Nach einer Weile drehte ich Silberschwinge zurück in Richtung Drachenstein. Die Dunkelheit legte sich über die Welt, und die Lichter des Roten Bergfrieds funkelten in der Ferne wie kleine, verlorene Sterne. Ich wusste, dass ich zurückkehren musste, doch die Zeit mit Silberschwinge hatte mir etwas von der Kraft zurückgegeben, die ich so dringend brauchte.
Als wir den Roten Bergfried erreichten, landete Silberschwinge sanft auf dem Dach des Drachenstalls. Ich blieb noch einen Moment sitzen, den Kopf in die kühle Nachtluft gehoben, und atmete tief durch. Dann kletterte ich langsam von ihrem Rücken und streichelte noch einmal ihre schimmernden Schuppen.
„Danke", flüsterte ich, bevor ich mich von ihr verabschiedete. Silberschwinge brummte leise, als ob sie meine Worte verstand, und wandte sich dann um, um sich in ihrer Ecke des Stalls niederzulassen.
Ich verließ den Drachenstall mit einem Gefühl der Ruhe, das ich seit Tagen nicht mehr empfunden hatte. Der Flug hatte mir nicht nur körperliche Freiheit gegeben, sondern auch meinen Geist geklärt. Die Probleme, die auf mich warteten, waren noch da, aber ich fühlte mich besser gerüstet, ihnen entgegenzutreten.
Zurück im Roten Bergfried war die Atmosphäre unverändert bedrückend. Doch diesmal ließ ich mich nicht von der Schwere der Umgebung überwältigen. Stattdessen ging ich mit einem klaren Kopf in meine Gemächer zurück, entschlossen, die kommenden Herausforderungen anzunehmen.
Ich wusste, dass die Tage nach Viserys' Tod entscheidend sein würden. Die Frage, wer den Thron besteigen würde – Aegon oder Rhaenyra – war eine, die das Reich in den Abgrund stürzen könnte. Doch ich war entschlossen, meine Mutter zu unterstützen, egal was kommen mochte.

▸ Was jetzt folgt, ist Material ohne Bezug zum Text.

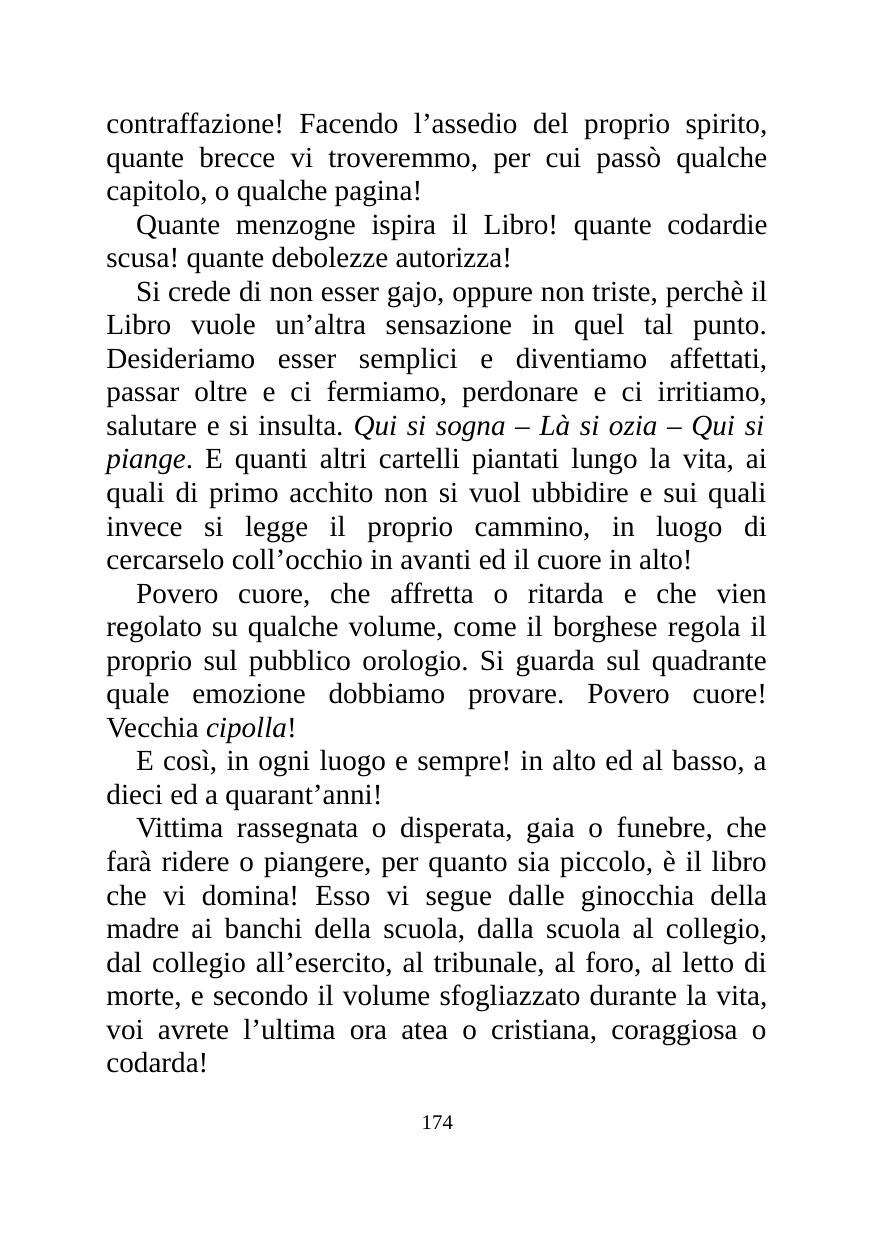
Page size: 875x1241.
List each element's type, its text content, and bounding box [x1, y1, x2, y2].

text E così, in ogni luogo e sempre! in alto ed al basso, a dieci ed a quarant’anni! [106, 743, 768, 811]
text contraffazione! Facendo l’assedio del proprio spirito, quante brecce vi troveremmo, per cui passò qualche capitolo, o qualche pagina! [106, 106, 768, 207]
text Povero cuore, che affretta o ritarda e che vien regolato su qualche volume, come il borghese regola il proprio sul pubblico orologio. Si guarda sul quadrante quale emozione dobbiamo provare. Povero cuore! Vecchia cipolla! [106, 576, 768, 743]
text Vittima rassegnata o disperata, gaia o funebre, che farà ridere o piangere, per quanto sia piccolo, è il libro che vi domina! Esso vi segue dalle ginocchia della madre ai banchi della scuola, dalla scuola al collegio, dal collegio all’esercito, al tribunale, al foro, al letto di morte, e secondo il volume sfogliazzato durante la vita, voi avrete l’ultima ora atea o cristiana, coraggiosa o codarda! [106, 811, 768, 1079]
text Si crede di non esser gajo, oppure non triste, perchè il Libro vuole un’altra sensazione in quel tal punto. Desideriamo esser semplici e diventiamo affettati, passar oltre e ci fermiamo, perdonare e ci irritiamo, salutare e si insulta. Qui si sogna – Là si ozia – Qui si piange. E quanti altri cartelli piantati lungo la vita, ai quali di primo acchito non si vuol ubbidire e sui quali invece si legge il proprio cammino, in luogo di cercarselo coll’occhio in avanti ed il cuore in alto! [106, 274, 768, 576]
text Quante menzogne ispira il Libro! quante codardie scusa! quante debolezze autorizza! [106, 207, 768, 274]

Als ich an diesem Abend ins Bett ging, spürte ich die kühle Nachtluft, die immer noch auf meiner Haut lag, und das leise Rauschen des Windes in meinen Ohren. Ich wusste, dass der nächste Tag neue Herausforderungen bringen würde, aber ich war bereit. Bereit, zu kämpfen, für meine Familie, für das Reich und für das, was richtig war.
Und tief in meinem Herzen wusste ich, dass Silberschwinge und ich, wenn es nötig wäre, in den Himmel steigen würden, um für unsere Sache zu kämpfen – mit Feuer und Stahl, wenn es sein musste.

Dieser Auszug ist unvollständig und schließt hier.